Austria is a symbolic country, for a number of reasons. First of all, after World War II, Austrian governments had to put up a steady, yet very difficult struggle to be normalized. The invasion of the Red Army could have only been lifted back in 1956, in exchange for Austrian neutrality. The country has been given a much more decentralized constitution, very much like Germany, because Austria was seen as a "potential danger" by the Allied countries after World War II. Depriving both Germany and Austria from strong central governments was sought and implemented, which did not give the expected results at all. Both countries do have fine working federal systems, coupled with strong centralized governance.
Austrian nationalism was mostly created after World War I, very much like the late Turkish nationalism. Both countries shared a similar fate, after the dislocation of their very old and very traditional multi-ethnic empires. The Turkish independence war mostly repelled the Versailles system that would have given Turks a very tiny territory. Austria, in the aftermath of World War I, was not able to wage such a struggle due to the geographical closeness of victorious European countries, and inherited a tiny territory with a giant capital, Vienna.
Unfairness was the key word regarding the "peace" agreements signed in 1919, which by the way took humanity steadily toward World War II. What is interesting to consider is that Austrian nationalism was "anti-Nazi" during the Dollfuss period, refusing to be included within the Anschluss. Engelbert Dollfuss was assassinated by the Nazis and the road toward annexing Austria was wide open for the Third Reich.
This peculiar history of Austria is largely forgotten most of the time; it is always difficult to understand the reactions of the populations by not taking into consideration their recent history.

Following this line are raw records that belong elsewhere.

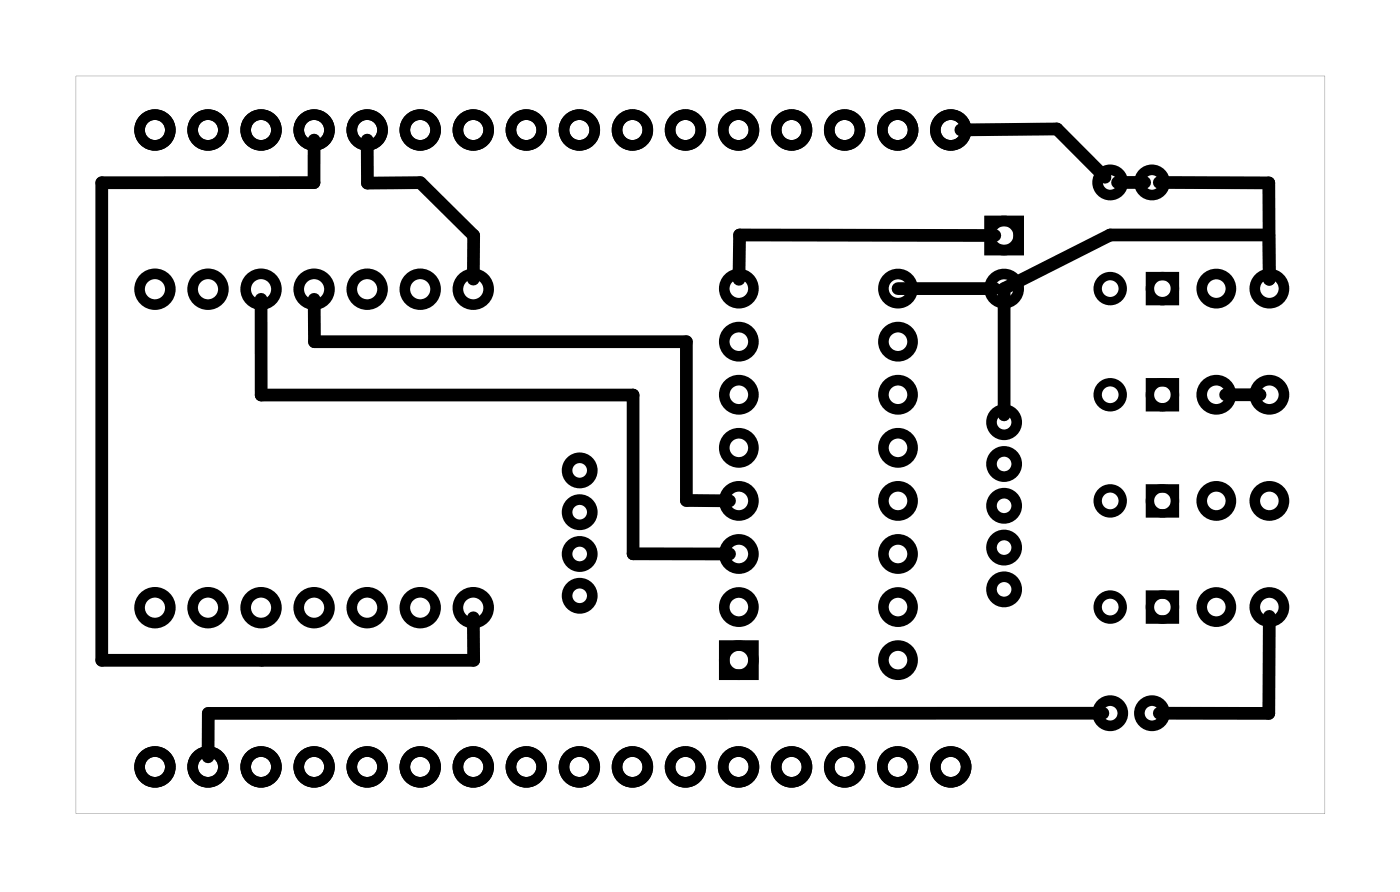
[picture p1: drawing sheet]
<svg xmlns="http://www.w3.org/2000/svg" width="67mm" height="43mm" viewBox="0 0 67 43" stroke-linecap="round" stroke-linejoin="round" font-family="sans-serif">
<path d="M3.6 3.6v35.3h59.8v-35.3zM3.6 3.6h59.8v35.3h-59.8z" fill="#000"/>
<g fill="none" stroke="#000" stroke-width=".51">
<path d="M47.4 10.6h1.4v1.4h-1.4zM34.7 30.9h1.4v1.4h-1.4z"/>
<circle cx="7.4" cy="13.8" r=".74"/>
<circle cx="7.4" cy="6.2" r=".74"/>
<circle cx="10" cy="13.8" r=".74"/>
<circle cx="10" cy="6.2" r=".74"/>
<circle cx="12.5" cy="13.8" r=".74"/>
<circle cx="12.5" cy="6.2" r=".74"/>
<circle cx="15" cy="13.8" r=".74"/>
<circle cx="15" cy="6.2" r=".74"/>
<circle cx="17.6" cy="13.8" r=".74"/>
<circle cx="17.6" cy="6.2" r=".74"/>
<circle cx="20.1" cy="13.8" r=".74"/>
<circle cx="20.1" cy="6.2" r=".74"/>
<circle cx="22.7" cy="13.8" r=".74"/>
<circle cx="22.7" cy="6.2" r=".74"/>
<circle cx="25.2" cy="6.2" r=".74"/>
<circle cx="27.7" cy="6.2" r=".74"/>
<circle cx="30.3" cy="6.2" r=".74"/>
<circle cx="32.8" cy="6.2" r=".74"/>
<circle cx="35.4" cy="6.2" r=".74"/>
<circle cx="35.4" cy="18.9" r=".7"/>
<circle cx="35.4" cy="16.4" r=".7"/>
<circle cx="35.4" cy="13.8" r=".7"/>
<circle cx="37.9" cy="6.2" r=".74"/>
<circle cx="40.4" cy="6.2" r=".74"/>
<circle cx="43" cy="6.2" r=".74"/>
<circle cx="43" cy="13.8" r=".7"/>
<circle cx="43" cy="16.4" r=".7"/>
<circle cx="43" cy="18.9" r=".7"/>
<circle cx="45.5" cy="6.2" r=".74"/>
<circle cx="48.1" cy="13.8" r=".7"/>
<circle cx="48.1" cy="11.3" r=".7"/>
<circle cx="53.2" cy="8.7" r=".6"/>
<circle cx="55.2" cy="8.7" r=".6"/>
<circle cx="58.2" cy="18.9" r=".7"/>
<circle cx="58.2" cy="13.8" r=".7"/>
<circle cx="60.8" cy="18.9" r=".7"/>
<circle cx="60.8" cy="13.8" r=".7"/>
<circle cx="7.4" cy="36.7" r=".74"/>
<circle cx="7.4" cy="29.1" r=".74"/>
<circle cx="10" cy="29.1" r=".74"/>
<circle cx="10" cy="36.7" r=".74"/>
<circle cx="12.5" cy="36.7" r=".74"/>
<circle cx="12.5" cy="29.1" r=".74"/>
<circle cx="15" cy="36.7" r=".74"/>
<circle cx="15" cy="29.1" r=".74"/>
<circle cx="17.6" cy="29.1" r=".74"/>
<circle cx="17.6" cy="36.7" r=".74"/>
<circle cx="20.1" cy="29.1" r=".74"/>
<circle cx="20.1" cy="36.7" r=".74"/>
<circle cx="22.7" cy="29.1" r=".74"/>
<circle cx="22.7" cy="36.7" r=".74"/>
<circle cx="25.2" cy="36.7" r=".74"/>
<circle cx="27.7" cy="36.7" r=".74"/>
<circle cx="27.8" cy="24.5" r=".6"/>
<circle cx="27.8" cy="28.5" r=".6"/>
<circle cx="27.8" cy="22.5" r=".6"/>
<circle cx="27.8" cy="26.5" r=".6"/>
<circle cx="30.3" cy="36.7" r=".74"/>
<circle cx="32.8" cy="36.7" r=".74"/>
<circle cx="35.4" cy="36.7" r=".74"/>
<circle cx="35.4" cy="21.4" r=".7"/>
<circle cx="35.4" cy="26.5" r=".7"/>
<circle cx="35.4" cy="24" r=".7"/>
<circle cx="35.4" cy="29.1" r=".7"/>
<circle cx="35.4" cy="31.6" r=".7"/>
<circle cx="37.9" cy="36.7" r=".74"/>
<circle cx="40.4" cy="36.7" r=".74"/>
<circle cx="43" cy="36.7" r=".74"/>
<circle cx="43" cy="24" r=".7"/>
<circle cx="43" cy="29.1" r=".7"/>
<circle cx="43" cy="26.5" r=".7"/>
<circle cx="43" cy="21.4" r=".7"/>
<circle cx="43" cy="31.6" r=".7"/>
<circle cx="45.5" cy="36.7" r=".74"/>
<circle cx="48.1" cy="22.2" r=".6"/>
<circle cx="48.1" cy="26.2" r=".6"/>
<circle cx="48.1" cy="20.2" r=".6"/>
<circle cx="48.1" cy="28.2" r=".6"/>
<circle cx="48.1" cy="24.2" r=".6"/>
<circle cx="53.2" cy="34.1" r=".6"/>
<circle cx="55.2" cy="34.1" r=".6"/>
<circle cx="58.2" cy="29.1" r=".7"/>
<circle cx="58.2" cy="24" r=".7"/>
<circle cx="60.8" cy="29.1" r=".7"/>
<circle cx="60.8" cy="24" r=".7"/>
</g>
<g fill="none" stroke="#000" stroke-width=".4">
<path d="M55.1 13.2h1.2v1.2h-1.2zM55.1 18.3h1.2v1.2h-1.2zM55.1 28.5h1.2v1.2h-1.2zM55.1 23.4h1.2v1.2h-1.2z"/>
<circle cx="53.2" cy="13.8" r=".6"/>
<circle cx="53.2" cy="18.9" r=".6"/>
<circle cx="55.7" cy="13.8" r=".6"/>
<circle cx="55.7" cy="18.9" r=".6"/>
<circle cx="53.2" cy="24" r=".6"/>
<circle cx="53.2" cy="29.1" r=".6"/>
<circle cx="55.7" cy="29.1" r=".6"/>
<circle cx="55.7" cy="24" r=".6"/>
</g>
<path d="M12.5 14.3v4.6h17.8v7.6h4.6M15 6.7v2h-10.1v22.9h17.8v-2M15 14.3l.1 2.1h17.8v7.5l2 .1M17.6 6.7v2.1l2.5-.1 2.6 2.6v2.1M43 13.8h4.6M46 6.2h4.6l2.3 2.3M47.6 11.3l-12.2-.1v2.2M53.5 8.7h1.3M55.5 8.7l5.2 .1 .1 4.6-.1-2.2h-7.5l-5.1 2.6v6.1M58.7 18.9h1.6M52.8 34.1h-42.8v2.1M60.8 29.5l-.1 4.6h-5.2" fill="none" stroke="#000" stroke-width=".61"/>
</svg>

For the Austrians, the "extreme right" having been fundamentally anti-Nazi, does not have a bad remembrance for the Austrians as the Nazi past does in Germany. Nazism was imposed upon the Austrians by the German invasion, led triumphantly by Adolf Hitler. It is a fact that the referendum legalizing the Anschluss, the annexation of Austria, was accepted with an overwhelming majority back in 1938. However, the referenda held in dire situations would give surprising results, usually, as the constitutional referendum in Turkey after the coup d'état of 1980, which was accepted by 93 percent majority of the voters.
Having said that, the results of the Austrian elections are not good news for anyone but right–wing voters. The very young new leader of the Austria's People's Party (OVP), Sebastian Kurtz, has succeeded to revamp his party (which was in shambles a mere year ago) and win the elections with slightly over 30 percent of the votes. Second place is ex aequo, between the Social Democrats (SPO) and the extreme-right Freedom Party (FPÖ), with slightly over 26 percent. Other formations do share a much smaller number of votes, and the Greens (whose historic leader Alexander Van der Bellen was elected the president of the republic early this year), are likely stay out of the parliament, having failed to reach the threshold of 4 percent.
The coalition government to come is very likely an association between the OVP and the dreaded FPÖ. It is hard to see how the two big traditional parties, the SPO and the OVP, could find common ground for immigration policy.
Sebastian Kurtz has chosen a very xenophobic attitude vis-à-vis the forced migrants. That may be advantageous for domestic politics and win votes. But otherwise, we do not live in 1919 and the stance to be taken should definitely not be that of the different governments between the two wars. Austrians should know this better than anybody.
We are far from the times when Bruno Kreisky was a popular chancellor, but forgetting the "human" factor in international relations is the biggest mistake any government can make. The migrants are "humans" and they are to be treated with the "dignity" they deserve. The great pacifist and anti-Nazi writer Erich Maria Remarque, in one of his most beautiful novels "The Enemy", tells, from Lieut. Ludwig Breyer's mouth, that the most striking thing he saw during World War I was not the terrible battle of the Somme. The big surprise was when he saw the French prisoners, "the enemy," and discovered that they were just human beings.
This is a thought to meditate on, while expecting a populist and very anti-immigration coalition government in Austria. "History teaches us that men and nations behave wisely once they have exhausted all other alternatives" (Abba Eban). The saying is deeply wise and pertinent, but so unfortunate, alas.